ENTRIES PROVIDED
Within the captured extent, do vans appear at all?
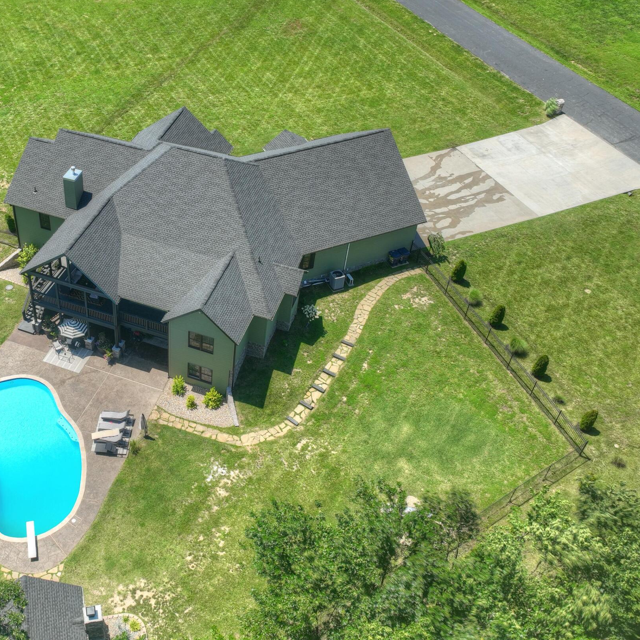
No
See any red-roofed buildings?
No
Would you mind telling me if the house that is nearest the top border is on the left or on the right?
left
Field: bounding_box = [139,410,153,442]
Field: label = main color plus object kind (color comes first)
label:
gray umbrella
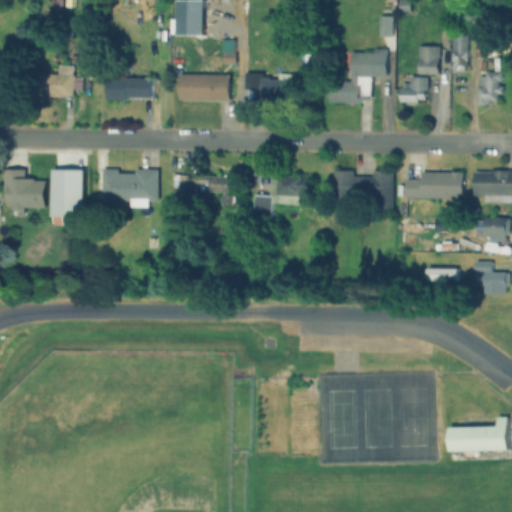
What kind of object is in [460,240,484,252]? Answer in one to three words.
vehicle
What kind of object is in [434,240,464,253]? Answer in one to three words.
vehicle
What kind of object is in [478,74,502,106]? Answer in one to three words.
house
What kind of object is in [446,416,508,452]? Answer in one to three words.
building
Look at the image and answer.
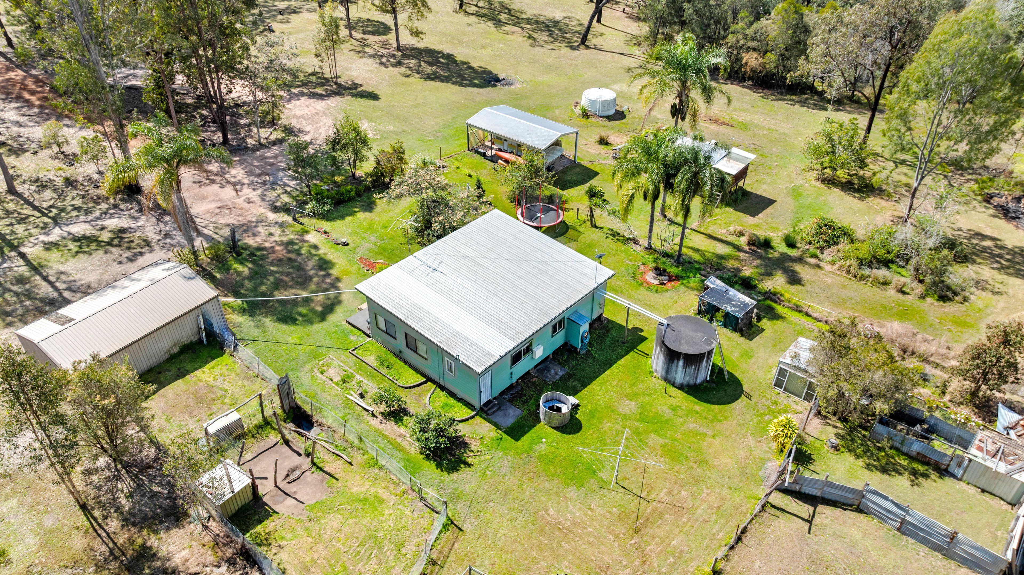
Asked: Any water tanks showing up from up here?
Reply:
Yes
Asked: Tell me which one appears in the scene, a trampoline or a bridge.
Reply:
trampoline
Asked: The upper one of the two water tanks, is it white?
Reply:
Yes
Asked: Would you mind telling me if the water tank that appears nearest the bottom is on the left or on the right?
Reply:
right
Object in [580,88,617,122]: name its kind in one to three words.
water tank
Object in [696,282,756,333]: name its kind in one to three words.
house
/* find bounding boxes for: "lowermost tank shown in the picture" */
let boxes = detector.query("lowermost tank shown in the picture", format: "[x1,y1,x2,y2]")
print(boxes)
[649,318,720,393]
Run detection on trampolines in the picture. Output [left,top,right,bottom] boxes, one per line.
[516,182,565,234]
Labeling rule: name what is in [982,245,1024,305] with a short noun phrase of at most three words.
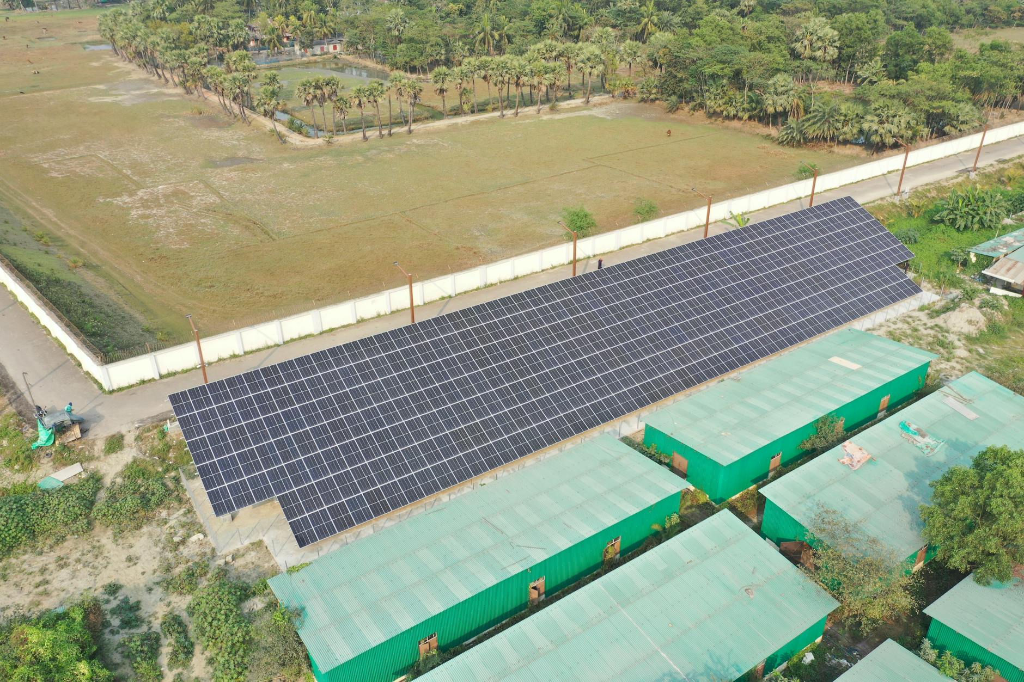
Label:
shed
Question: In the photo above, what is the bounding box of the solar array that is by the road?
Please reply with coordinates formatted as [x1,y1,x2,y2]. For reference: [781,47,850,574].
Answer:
[167,196,923,550]
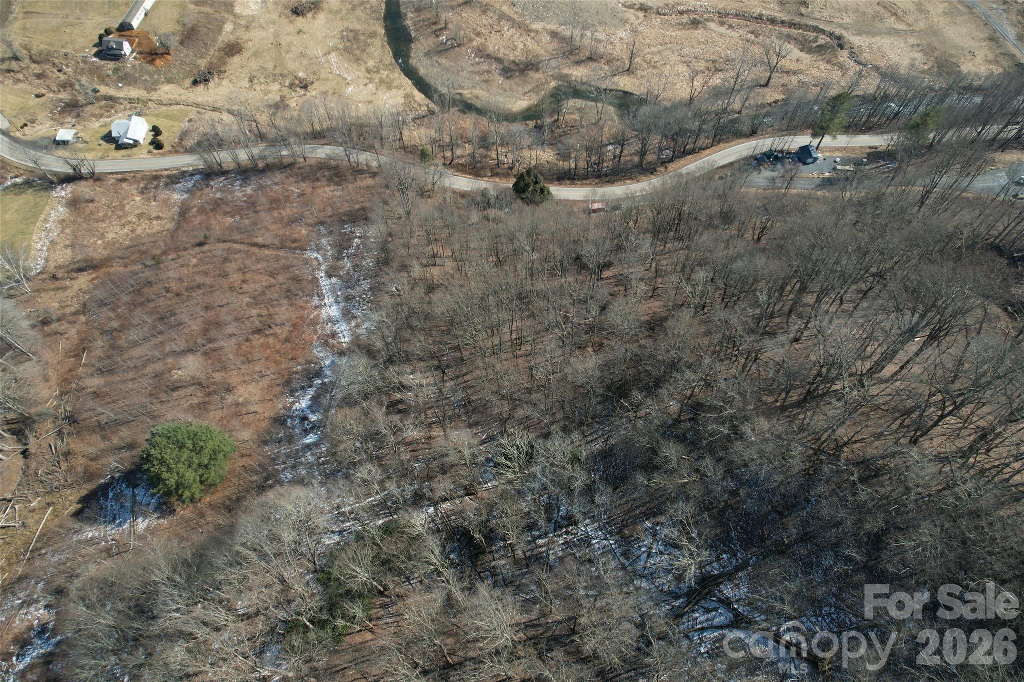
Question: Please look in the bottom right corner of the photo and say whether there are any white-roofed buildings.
No
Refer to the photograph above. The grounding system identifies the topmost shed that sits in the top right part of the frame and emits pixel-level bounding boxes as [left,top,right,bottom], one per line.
[798,141,822,164]
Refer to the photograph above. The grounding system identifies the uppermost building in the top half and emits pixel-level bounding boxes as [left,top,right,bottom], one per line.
[122,0,156,30]
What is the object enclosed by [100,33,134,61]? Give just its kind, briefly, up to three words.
house
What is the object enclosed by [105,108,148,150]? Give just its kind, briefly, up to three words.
house
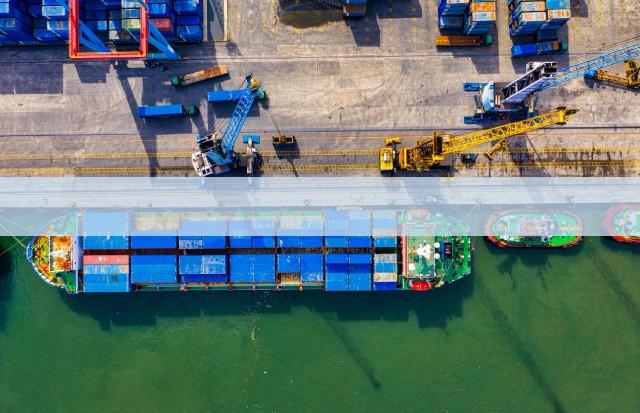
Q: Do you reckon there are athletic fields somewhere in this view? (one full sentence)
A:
No, no athletic field is visible in the scene.
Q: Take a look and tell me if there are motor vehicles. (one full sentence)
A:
Yes, a motor vehicle appears in the view.
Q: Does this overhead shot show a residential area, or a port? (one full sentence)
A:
This looks like a port.
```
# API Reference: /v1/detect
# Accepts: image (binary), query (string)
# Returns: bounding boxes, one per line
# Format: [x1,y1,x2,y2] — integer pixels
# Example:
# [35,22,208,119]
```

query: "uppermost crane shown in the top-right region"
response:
[463,40,640,125]
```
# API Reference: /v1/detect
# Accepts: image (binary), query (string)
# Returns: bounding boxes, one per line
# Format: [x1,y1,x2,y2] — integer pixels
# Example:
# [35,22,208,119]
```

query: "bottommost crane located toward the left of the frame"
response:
[191,73,269,181]
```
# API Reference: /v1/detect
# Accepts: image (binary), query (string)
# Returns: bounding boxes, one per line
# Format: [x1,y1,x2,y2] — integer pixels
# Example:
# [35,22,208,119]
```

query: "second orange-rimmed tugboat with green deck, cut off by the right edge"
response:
[602,204,640,246]
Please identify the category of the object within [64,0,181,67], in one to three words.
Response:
container crane
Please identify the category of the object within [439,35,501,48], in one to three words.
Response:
vehicle
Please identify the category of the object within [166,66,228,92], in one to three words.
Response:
truck
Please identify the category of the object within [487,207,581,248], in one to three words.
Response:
boat
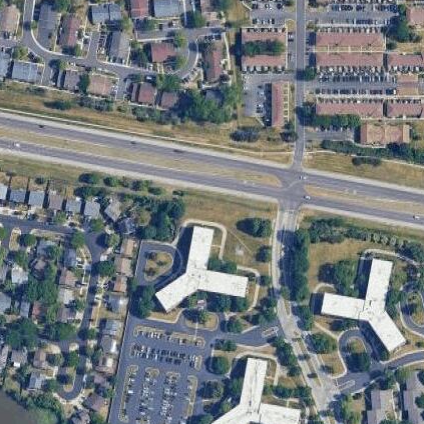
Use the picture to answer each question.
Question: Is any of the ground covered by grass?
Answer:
Yes
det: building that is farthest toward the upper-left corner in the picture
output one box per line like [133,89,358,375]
[0,4,21,35]
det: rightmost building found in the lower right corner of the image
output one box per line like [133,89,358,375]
[404,371,424,424]
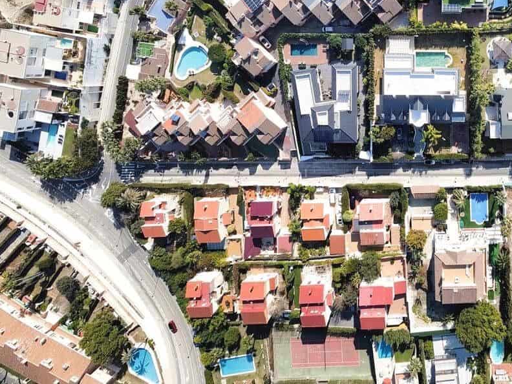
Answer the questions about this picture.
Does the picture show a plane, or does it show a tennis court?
tennis court
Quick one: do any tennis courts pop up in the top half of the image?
No
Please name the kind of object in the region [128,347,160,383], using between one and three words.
swimming pool
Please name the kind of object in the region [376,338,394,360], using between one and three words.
swimming pool
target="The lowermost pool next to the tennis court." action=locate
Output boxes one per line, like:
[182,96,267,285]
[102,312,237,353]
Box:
[218,354,257,378]

PROBLEM DETAILS
Work out the number of lines in the records containing the word "category". Write only that number.

RESULT
4